By Jenna Outcalt
UConn Journalism
The United States has long been a leader in scientific research and a collaborator with other countries and state governments on public health and other scientific endeavors.
But after a year of misleading claims about vaccines, climate change and other scientific issues and cuts to research funding, the future of research and regulations on health and the environment has been thrown into turmoil.
Tom Katsouleas, the former president of the University of Connecticut, said the Trump administration’s attacks on science are part of a drift toward authoritarianism.
“Historically, authoritarian governments have tried to suppress science because they have been resources for truth-finding, and that is inconvenient for authoritarian governments,” said Katsouleas.

In the first year of his second term, President Donald Trump’s expansive interpretation of executive power has impacted public health programs, environment and clean energy projects and scientific research. His administration has broadly imposed its ideology and rescinded funds already approved by Congress. The impact has been felt in Connecticut through canceled projects and threats to research throughout the state.
The Environmental Protection Agency cancelled over $92.7 million in environmental grants to Connecticut, according to a map of cancelled funding developed by the National Resources Defense Council.

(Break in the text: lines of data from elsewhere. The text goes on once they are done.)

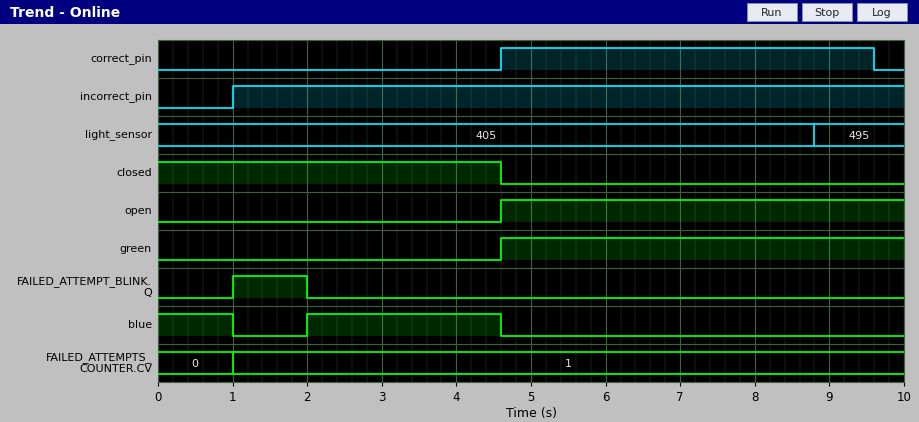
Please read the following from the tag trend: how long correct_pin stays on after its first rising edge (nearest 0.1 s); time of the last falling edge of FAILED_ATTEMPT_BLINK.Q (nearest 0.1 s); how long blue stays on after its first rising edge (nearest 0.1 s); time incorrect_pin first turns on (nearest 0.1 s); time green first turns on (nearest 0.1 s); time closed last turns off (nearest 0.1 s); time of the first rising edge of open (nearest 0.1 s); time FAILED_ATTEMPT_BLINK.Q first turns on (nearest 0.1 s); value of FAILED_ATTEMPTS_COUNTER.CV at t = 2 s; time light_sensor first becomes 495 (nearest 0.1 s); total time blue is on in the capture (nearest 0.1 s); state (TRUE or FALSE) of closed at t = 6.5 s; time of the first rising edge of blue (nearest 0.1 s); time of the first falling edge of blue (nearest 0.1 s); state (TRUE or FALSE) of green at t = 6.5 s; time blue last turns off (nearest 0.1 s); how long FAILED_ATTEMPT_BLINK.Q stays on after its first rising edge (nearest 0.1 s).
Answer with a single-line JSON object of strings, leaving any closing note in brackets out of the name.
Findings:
{"how long correct_pin stays on after its first rising edge": "5.0 s", "time of the last falling edge of FAILED_ATTEMPT_BLINK.Q": "2.0 s", "how long blue stays on after its first rising edge": "2.6 s", "time incorrect_pin first turns on": "1.0 s", "time green first turns on": "4.6 s", "time closed last turns off": "4.6 s", "time of the first rising edge of open": "4.6 s", "time FAILED_ATTEMPT_BLINK.Q first turns on": "1.0 s", "value of FAILED_ATTEMPTS_COUNTER.CV at t = 2 s": "1", "time light_sensor first becomes 495": "8.8 s", "total time blue is on in the capture": "3.6 s", "state (TRUE or FALSE) of closed at t = 6.5 s": "FALSE", "time of the first rising edge of blue": "2.0 s", "time of the first falling edge of blue": "1.0 s", "state (TRUE or FALSE) of green at t = 6.5 s": "TRUE", "time blue last turns off": "4.6 s", "how long FAILED_ATTEMPT_BLINK.Q stays on after its first rising edge": "1.0 s"}
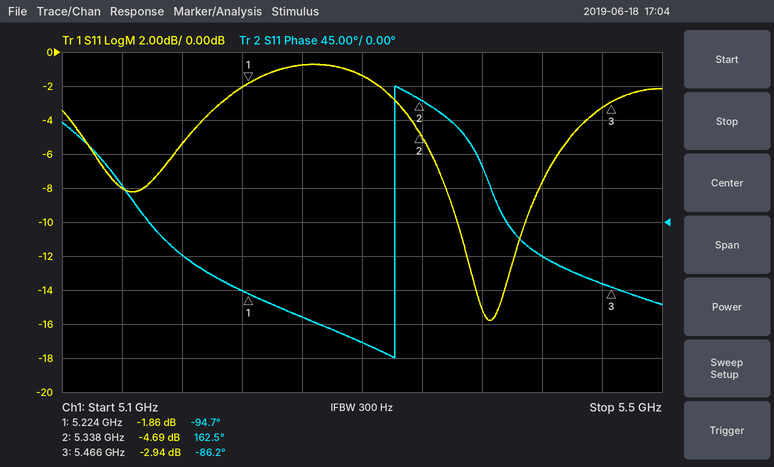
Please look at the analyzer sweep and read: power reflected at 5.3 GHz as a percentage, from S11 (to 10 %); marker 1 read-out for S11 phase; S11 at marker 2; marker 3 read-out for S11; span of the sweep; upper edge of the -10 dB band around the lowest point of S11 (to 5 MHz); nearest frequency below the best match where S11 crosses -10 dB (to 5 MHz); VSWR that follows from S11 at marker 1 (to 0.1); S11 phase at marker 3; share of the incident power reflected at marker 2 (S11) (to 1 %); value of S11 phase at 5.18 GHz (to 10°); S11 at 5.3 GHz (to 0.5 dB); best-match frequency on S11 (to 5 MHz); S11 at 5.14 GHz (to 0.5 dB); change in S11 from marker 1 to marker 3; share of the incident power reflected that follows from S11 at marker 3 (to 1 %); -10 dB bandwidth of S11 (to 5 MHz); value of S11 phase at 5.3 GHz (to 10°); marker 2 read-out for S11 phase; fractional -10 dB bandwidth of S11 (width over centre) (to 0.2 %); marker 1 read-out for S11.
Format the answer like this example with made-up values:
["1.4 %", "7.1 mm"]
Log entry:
["70 %", "-94.7°", "-4.69 dB", "-2.94 dB", "400 MHz", "5.410 GHz", "5.365 GHz", "9.4", "-86.2°", "34 %", "-40°", "-1.5 dB", "5.385 GHz", "-8.0 dB", "-1.08 dB", "51 %", "45 MHz", "-160°", "162.5°", "0.8 %", "-1.86 dB"]
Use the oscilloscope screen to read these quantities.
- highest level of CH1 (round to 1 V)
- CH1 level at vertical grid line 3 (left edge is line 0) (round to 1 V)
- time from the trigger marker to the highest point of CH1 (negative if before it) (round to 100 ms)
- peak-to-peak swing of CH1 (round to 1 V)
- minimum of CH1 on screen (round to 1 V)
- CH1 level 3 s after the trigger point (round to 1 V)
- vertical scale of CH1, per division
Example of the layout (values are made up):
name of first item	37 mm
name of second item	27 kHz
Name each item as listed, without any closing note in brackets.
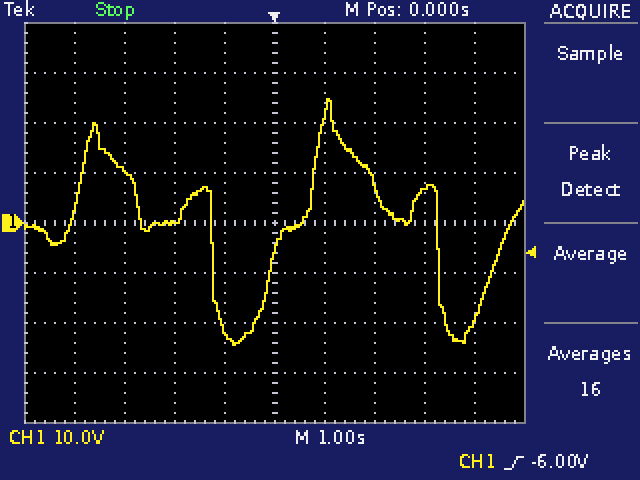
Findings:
highest level of CH1	25 V
CH1 level at vertical grid line 3 (left edge is line 0)	0 V
time from the trigger marker to the highest point of CH1 (negative if before it)	+1.1 s
peak-to-peak swing of CH1	49 V
minimum of CH1 on screen	-24 V
CH1 level 3 s after the trigger point	7 V
vertical scale of CH1, per division	10 V

The Department of Energy also cancelled more than 300 energy grants across the country, totaling over $7.5 billion.
Connecticut Attorney General William Tong has joined over 30 lawsuits against the Trump administration, with almost a dozen of them fighting battles related to the environment and health. He said the Trump administration’s strategy was to aggressively reduce oversight on health and the environment and “decimate the Environmental Protection Agency and our regulatory system, the infrastructure for ensuring clean air and clean water” at a moment where “our climate is changing rapidly in an adverse way.”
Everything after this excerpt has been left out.